Problem –
From the first line to the last, copy the data exactly and drop the pictures.

The data –
******

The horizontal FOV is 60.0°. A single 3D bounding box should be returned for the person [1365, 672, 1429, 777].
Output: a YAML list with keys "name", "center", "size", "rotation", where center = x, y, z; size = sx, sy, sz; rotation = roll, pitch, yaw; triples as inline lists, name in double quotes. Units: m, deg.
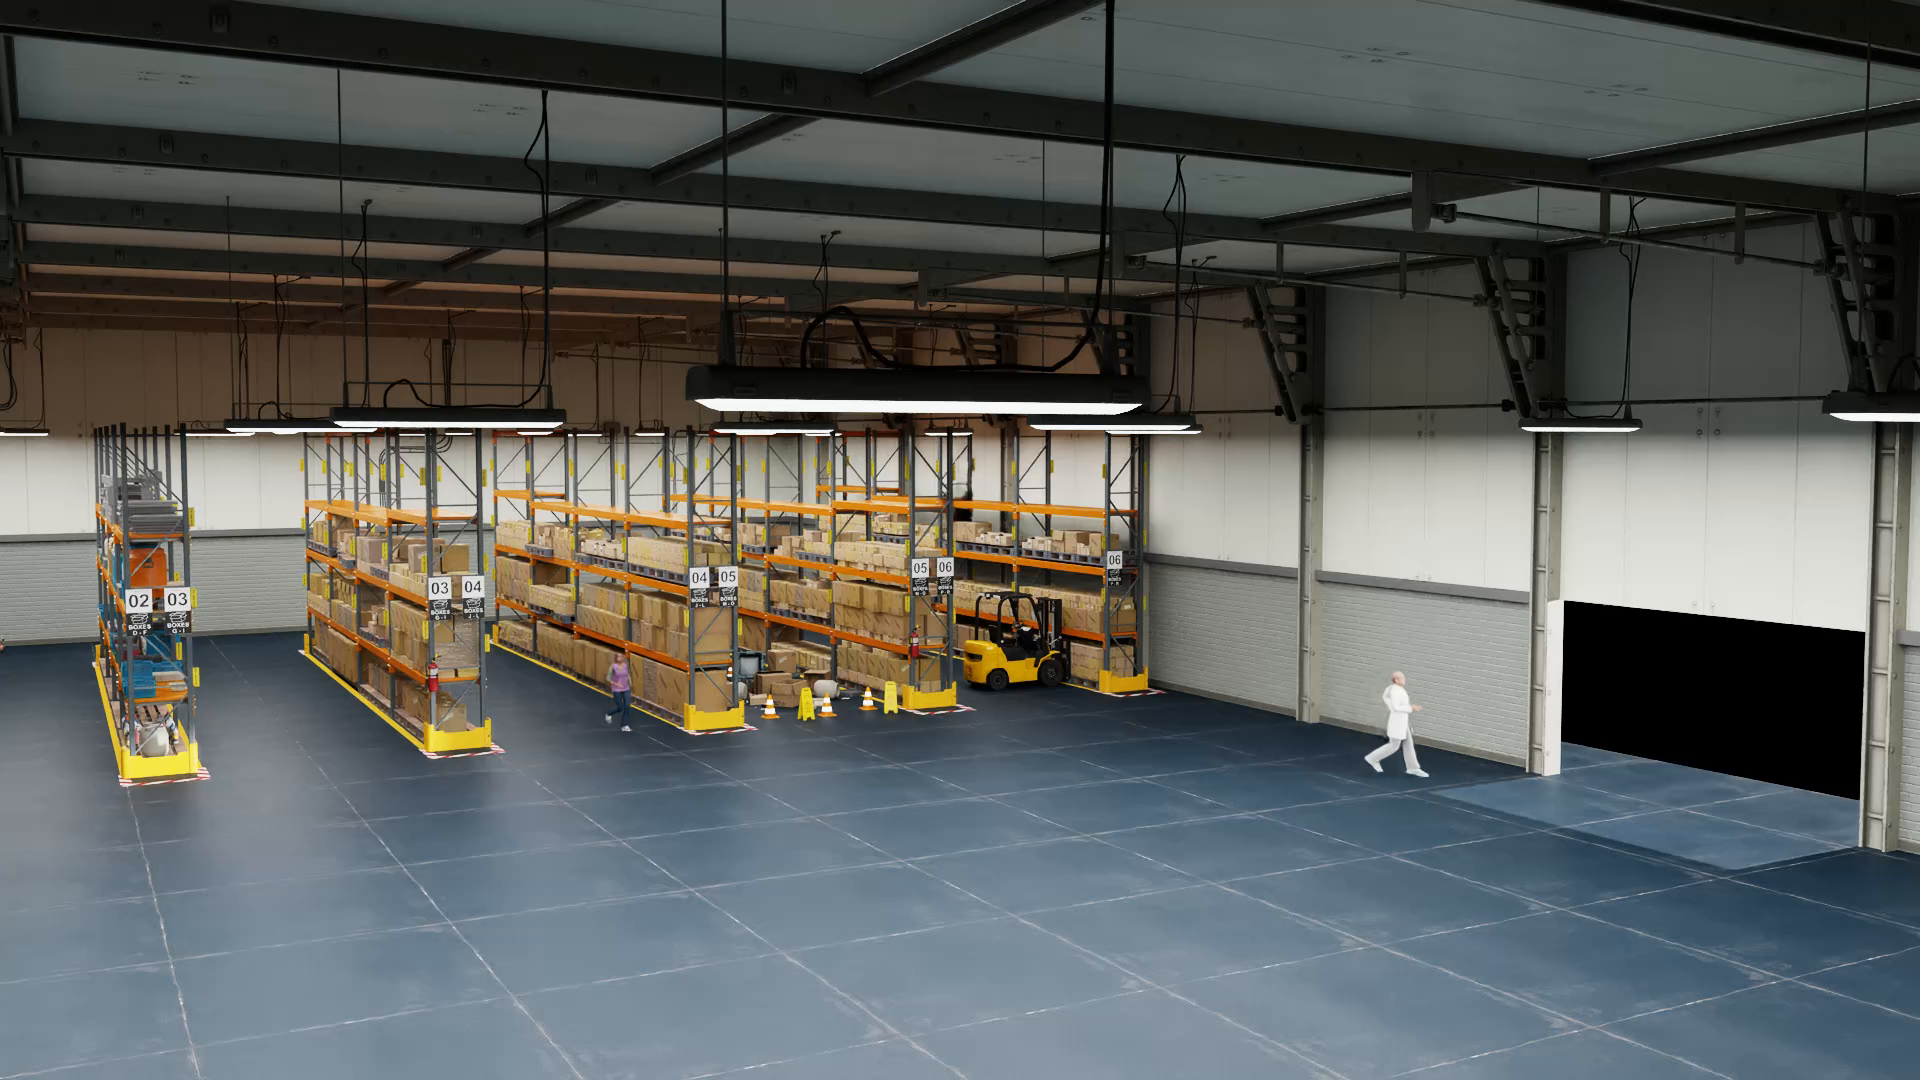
- name: "person"
  center: [7.397, 3.110, 28.118]
  size: [1.049, 1.781, 0.710]
  rotation: [1, 4, 20]

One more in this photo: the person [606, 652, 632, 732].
- name: "person"
  center: [-6.660, 2.977, 32.756]
  size: [0.566, 1.543, 0.717]
  rotation: [-3, 4, -39]

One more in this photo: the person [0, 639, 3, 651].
- name: "person"
  center: [-21.425, 2.641, 36.559]
  size: [0.687, 1.745, 0.739]
  rotation: [-2, 4, -34]

******

Solution to the problem –
The horizontal FOV is 60.0°. A single 3D bounding box should be returned for the person [1365, 672, 1429, 777].
Output: a YAML list with keys "name", "center", "size", "rotation", where center = x, y, z; size = sx, sy, sz; rotation = roll, pitch, yaw; triples as inline lists, name in double quotes. Units: m, deg.
- name: "person"
  center: [7.397, 3.110, 28.118]
  size: [1.049, 1.781, 0.710]
  rotation: [1, 4, 20]

One more in this photo: the person [606, 652, 632, 732].
- name: "person"
  center: [-6.660, 2.977, 32.756]
  size: [0.566, 1.543, 0.717]
  rotation: [-3, 4, -39]

One more in this photo: the person [0, 639, 3, 651].
- name: "person"
  center: [-21.425, 2.641, 36.559]
  size: [0.687, 1.745, 0.739]
  rotation: [-2, 4, -34]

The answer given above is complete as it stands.